* _Task material_
.....
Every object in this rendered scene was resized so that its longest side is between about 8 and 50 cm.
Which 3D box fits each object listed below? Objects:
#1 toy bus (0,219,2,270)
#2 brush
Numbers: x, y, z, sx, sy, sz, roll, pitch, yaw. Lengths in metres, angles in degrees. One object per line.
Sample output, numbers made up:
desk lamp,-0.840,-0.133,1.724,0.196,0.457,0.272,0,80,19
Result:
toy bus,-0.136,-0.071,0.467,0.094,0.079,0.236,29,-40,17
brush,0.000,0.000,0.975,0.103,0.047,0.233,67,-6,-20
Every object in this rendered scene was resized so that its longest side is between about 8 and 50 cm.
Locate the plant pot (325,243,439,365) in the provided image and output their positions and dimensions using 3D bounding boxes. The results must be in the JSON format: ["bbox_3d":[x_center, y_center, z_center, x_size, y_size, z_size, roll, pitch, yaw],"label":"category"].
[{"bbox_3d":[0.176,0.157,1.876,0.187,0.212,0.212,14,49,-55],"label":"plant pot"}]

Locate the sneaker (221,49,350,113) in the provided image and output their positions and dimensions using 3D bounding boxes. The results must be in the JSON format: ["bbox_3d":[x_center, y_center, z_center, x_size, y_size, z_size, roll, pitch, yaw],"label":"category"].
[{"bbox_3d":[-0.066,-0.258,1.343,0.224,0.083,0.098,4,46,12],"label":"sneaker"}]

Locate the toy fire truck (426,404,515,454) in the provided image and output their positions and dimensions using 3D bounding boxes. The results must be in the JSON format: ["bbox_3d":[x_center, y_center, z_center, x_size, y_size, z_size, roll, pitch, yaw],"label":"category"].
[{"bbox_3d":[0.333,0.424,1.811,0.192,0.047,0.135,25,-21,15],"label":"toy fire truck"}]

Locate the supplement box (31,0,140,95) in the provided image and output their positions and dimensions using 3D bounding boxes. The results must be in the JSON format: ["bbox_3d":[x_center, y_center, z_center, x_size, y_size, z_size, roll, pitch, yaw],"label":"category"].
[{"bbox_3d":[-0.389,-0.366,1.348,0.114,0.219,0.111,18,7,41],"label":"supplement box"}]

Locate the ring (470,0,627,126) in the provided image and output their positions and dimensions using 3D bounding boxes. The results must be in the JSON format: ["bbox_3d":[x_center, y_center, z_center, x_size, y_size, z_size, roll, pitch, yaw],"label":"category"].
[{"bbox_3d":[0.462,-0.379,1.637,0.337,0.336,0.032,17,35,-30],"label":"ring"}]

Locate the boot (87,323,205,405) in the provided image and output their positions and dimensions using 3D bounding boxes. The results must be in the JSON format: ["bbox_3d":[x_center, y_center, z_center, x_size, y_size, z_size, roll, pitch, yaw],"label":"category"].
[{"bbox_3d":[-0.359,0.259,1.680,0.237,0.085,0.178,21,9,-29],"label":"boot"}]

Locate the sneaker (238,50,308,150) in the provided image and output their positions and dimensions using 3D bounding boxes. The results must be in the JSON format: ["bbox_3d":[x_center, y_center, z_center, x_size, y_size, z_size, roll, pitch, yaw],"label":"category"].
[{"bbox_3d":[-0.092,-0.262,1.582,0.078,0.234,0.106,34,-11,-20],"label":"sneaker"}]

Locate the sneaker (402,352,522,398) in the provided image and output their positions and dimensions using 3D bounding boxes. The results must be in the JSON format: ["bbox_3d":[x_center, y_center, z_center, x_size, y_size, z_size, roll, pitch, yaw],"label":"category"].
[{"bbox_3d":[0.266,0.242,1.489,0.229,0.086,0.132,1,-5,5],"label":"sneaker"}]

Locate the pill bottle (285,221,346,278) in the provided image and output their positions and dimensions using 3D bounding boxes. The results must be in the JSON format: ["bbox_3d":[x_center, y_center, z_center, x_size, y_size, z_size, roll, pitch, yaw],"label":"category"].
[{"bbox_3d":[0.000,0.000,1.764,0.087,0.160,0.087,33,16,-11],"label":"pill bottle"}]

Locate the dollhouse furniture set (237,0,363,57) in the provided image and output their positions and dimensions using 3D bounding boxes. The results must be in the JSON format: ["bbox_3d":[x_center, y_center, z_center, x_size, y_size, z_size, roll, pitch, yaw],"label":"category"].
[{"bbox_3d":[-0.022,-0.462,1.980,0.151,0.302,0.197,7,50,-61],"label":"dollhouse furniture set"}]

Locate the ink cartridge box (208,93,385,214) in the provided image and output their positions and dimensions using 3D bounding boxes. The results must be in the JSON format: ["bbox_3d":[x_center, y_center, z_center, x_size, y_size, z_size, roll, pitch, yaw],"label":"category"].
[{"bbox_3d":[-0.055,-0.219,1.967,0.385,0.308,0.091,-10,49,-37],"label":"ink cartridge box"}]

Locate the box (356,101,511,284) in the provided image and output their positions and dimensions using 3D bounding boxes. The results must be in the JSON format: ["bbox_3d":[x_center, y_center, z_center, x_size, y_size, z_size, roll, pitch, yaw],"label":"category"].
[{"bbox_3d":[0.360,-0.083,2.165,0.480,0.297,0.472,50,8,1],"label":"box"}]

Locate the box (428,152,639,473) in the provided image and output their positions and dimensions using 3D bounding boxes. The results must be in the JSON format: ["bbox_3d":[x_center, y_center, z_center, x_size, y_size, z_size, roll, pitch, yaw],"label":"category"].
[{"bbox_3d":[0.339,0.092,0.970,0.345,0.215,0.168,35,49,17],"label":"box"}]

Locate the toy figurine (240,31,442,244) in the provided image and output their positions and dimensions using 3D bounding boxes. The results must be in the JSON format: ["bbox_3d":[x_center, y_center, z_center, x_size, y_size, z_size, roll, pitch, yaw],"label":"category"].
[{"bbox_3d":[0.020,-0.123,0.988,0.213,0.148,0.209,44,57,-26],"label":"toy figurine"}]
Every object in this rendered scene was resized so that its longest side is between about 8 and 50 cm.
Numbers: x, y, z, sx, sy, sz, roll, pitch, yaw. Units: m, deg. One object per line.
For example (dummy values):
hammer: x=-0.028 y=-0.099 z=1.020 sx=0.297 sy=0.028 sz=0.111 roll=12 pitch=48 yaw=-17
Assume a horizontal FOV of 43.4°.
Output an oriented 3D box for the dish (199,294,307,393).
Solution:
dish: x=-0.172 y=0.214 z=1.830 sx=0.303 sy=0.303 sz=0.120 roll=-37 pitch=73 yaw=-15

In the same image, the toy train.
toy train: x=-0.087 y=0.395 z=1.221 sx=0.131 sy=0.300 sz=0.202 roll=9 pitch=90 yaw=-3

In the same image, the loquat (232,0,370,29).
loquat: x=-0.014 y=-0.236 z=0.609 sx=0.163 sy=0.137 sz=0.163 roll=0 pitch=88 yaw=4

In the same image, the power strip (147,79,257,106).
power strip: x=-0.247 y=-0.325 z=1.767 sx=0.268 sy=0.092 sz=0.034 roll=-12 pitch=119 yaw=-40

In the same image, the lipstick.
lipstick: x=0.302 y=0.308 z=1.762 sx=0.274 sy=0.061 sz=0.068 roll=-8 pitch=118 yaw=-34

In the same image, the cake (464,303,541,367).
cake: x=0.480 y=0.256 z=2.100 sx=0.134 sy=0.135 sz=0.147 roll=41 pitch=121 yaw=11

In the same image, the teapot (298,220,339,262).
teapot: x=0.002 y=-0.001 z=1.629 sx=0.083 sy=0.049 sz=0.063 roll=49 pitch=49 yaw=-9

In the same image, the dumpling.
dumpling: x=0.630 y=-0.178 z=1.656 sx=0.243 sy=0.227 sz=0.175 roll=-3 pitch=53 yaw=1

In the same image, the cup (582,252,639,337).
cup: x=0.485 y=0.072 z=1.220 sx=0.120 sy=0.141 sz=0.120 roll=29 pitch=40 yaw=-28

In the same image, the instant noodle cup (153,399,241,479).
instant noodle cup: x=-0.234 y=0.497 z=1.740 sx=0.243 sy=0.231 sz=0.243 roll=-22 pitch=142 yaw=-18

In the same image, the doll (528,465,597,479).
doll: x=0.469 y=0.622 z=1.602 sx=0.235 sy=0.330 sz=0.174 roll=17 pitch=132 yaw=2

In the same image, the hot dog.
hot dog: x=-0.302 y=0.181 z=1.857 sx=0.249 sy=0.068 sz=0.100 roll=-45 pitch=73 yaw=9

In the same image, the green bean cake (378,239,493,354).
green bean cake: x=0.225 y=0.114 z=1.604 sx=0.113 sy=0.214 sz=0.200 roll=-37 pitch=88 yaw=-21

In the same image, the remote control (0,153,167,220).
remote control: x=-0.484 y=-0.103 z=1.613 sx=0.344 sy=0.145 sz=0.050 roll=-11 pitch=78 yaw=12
.....
* _Action item_
Copy out the lines from the line containing "In the same image, the remote" to the end of the listing above, without alteration.

* _Task solution_
In the same image, the remote control (0,153,167,220).
remote control: x=-0.484 y=-0.103 z=1.613 sx=0.344 sy=0.145 sz=0.050 roll=-11 pitch=78 yaw=12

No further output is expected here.